I can not stress this enough, do not let chips get between the roller bearings and part in a steady rest.


----------



## stainless (Feb 1, 2015)

ogberi said:


> Okay, now I'm drooling.  Where did you order the glow tube from?  I've had issues getting any.


I PMed you the site. Not sure how vendors are handled here.


----------



## stainless (Feb 1, 2015)

Wreck™Wreck said:


> The only problem that I have ever experienced when using rollers in a steady/follow rest is keeping the chips out. Solid fingers do not let the chips in, rollers eat them. I had a rather large chip get between the rollers and the part on a 24 x 96 lathe, it broke the casting on the upper half of the steady and ruined the part as well. Since then, 1993 or so, I put a cardboard or whatever material is handy chip guard between the steady/follow rest and the tool. I often rough large lathe parts at .125-.200 DOC so the chips are substantial, yet a small chip will ruin your day.
> 
> 
> I can not stress this enough, do not let chips get between the roller bearings and part in a steady rest.


Thank you.


----------



## stainless (Feb 1, 2015)

Made an aluminum razor handle today.


----------



## kvt (Feb 1, 2015)

Nice handle.   If I can ever get some pictures I will show you a couple of items I made for the wife (she paid for my 4400 lathe) Thus I have to make things for her as well.  She does some fancy hand made lace and I made her some bobbins out of Alum.   Problem is I have not figured out how to use a follower or a steady rest to help on it since it is so varied in size.   I will try to get some pics and post them.  I have broken more of them than I have gotten done.   

kvt


----------



## ogberi (Feb 1, 2015)

Nice!  I use a Merkur 38C razor, with Feather blades.  Heavy, long-handled (better control), and stable.  The feather blades are so sharp as to defy description, and the result is a baby-butt smooth shave, despite my unreasonably heavy facial hair.  I shave my head, usually with one of the wife's Soleil razors (hey, don't laugh until you've tried it!  They work awesome!), followed with a cleanup with the Merkur and a once-used-on-the-face Feather blade (to take the edge off, less nicks).   

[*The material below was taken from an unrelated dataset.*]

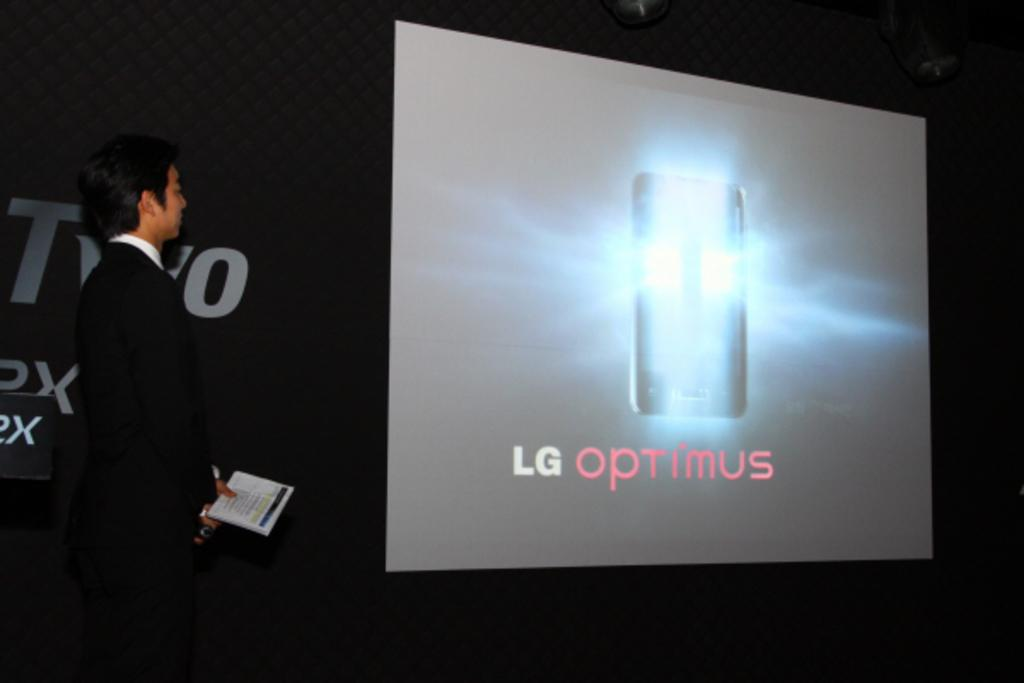What is the man on the left side of the image doing? The man is standing on the left side of the image and holding a microphone. What else is the man holding in his hand? The man is also holding a book in his hand. What can be seen in the background of the image? There is a hoarding and a screen in the background of the image. Can you see a mountain in the background of the image? No, there is no mountain visible in the background of the image. Is the man's thumb visible in the image? There is no specific mention of the man's thumb in the provided facts, so we cannot determine if it is visible in the image. 
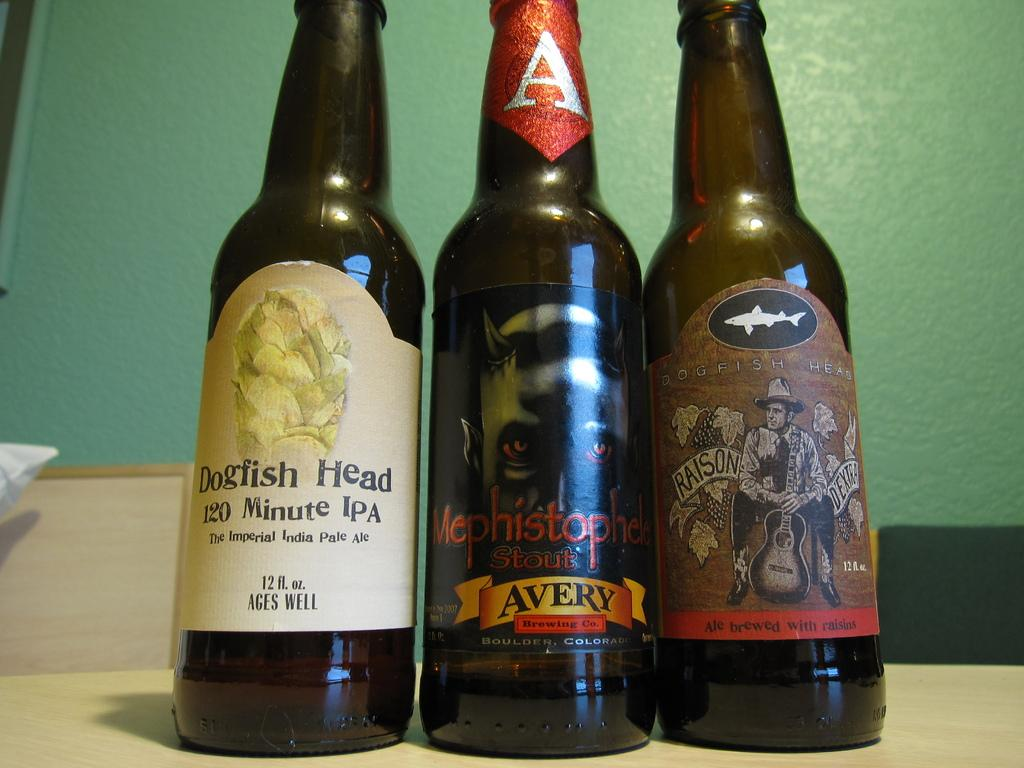<image>
Give a short and clear explanation of the subsequent image. Three bottles of beer on the table the middle one is a bottle of Avery.

I'd love to see a razor handle from 3/8" stainless, about 3.5-4" long, with knurls in sections.  Something heavy and hefty, with plenty of grip and substance to keep ahold of for shaving the head.  That takes more control than shaving the face....

I'd love to get into straight razor shaving, but last time I tried it, I cut a 3" fishbelly in my cheek.  I'm a bit leery of straight razors now....

Let's see more!


----------



## stainless (Feb 2, 2015)

kvt said:


> Nice handle.   If I can ever get some pictures I will show you a couple of items I made for the wife (she paid for my 4400 lathe) Thus I have to make things for her as well.  She does some fancy hand made lace and I made her some bobbins out of Alum.   Problem is I have not figured out how to use a follower or a steady rest to help on it since it is so varied in size.   I will try to get some pics and post them.  I have broken more of them than I have gotten done.
> 
> kvt


Post them up, I want to see


----------



## stainless (Feb 2, 2015)

ogberi said:


> Nice!  I use a Merkur 38C razor, with Feather blades.  Heavy, long-handled (better control), and stable.  The feather blades are so sharp as to defy description, and the result is a baby-butt smooth shave, despite my unreasonably heavy facial hair.  I shave my head, usually with one of the wife's Soleil razors (hey, don't laugh until you've tried it!  They work awesome!), followed with a cleanup with the Merkur and a once-used-on-the-face Feather blade (to take the edge off, less nicks).
> 
> I'd love to see a razor handle from 3/8" stainless, about 3.5-4" long, with knurls in sections.  Something heavy and hefty, with plenty of grip and substance to keep ahold of for shaving the head.  That takes more control than shaving the face....
> 
> ...


I have been collecting vintage razors for years. I typically shave with a double edge these days, usually a Weber or Ikon.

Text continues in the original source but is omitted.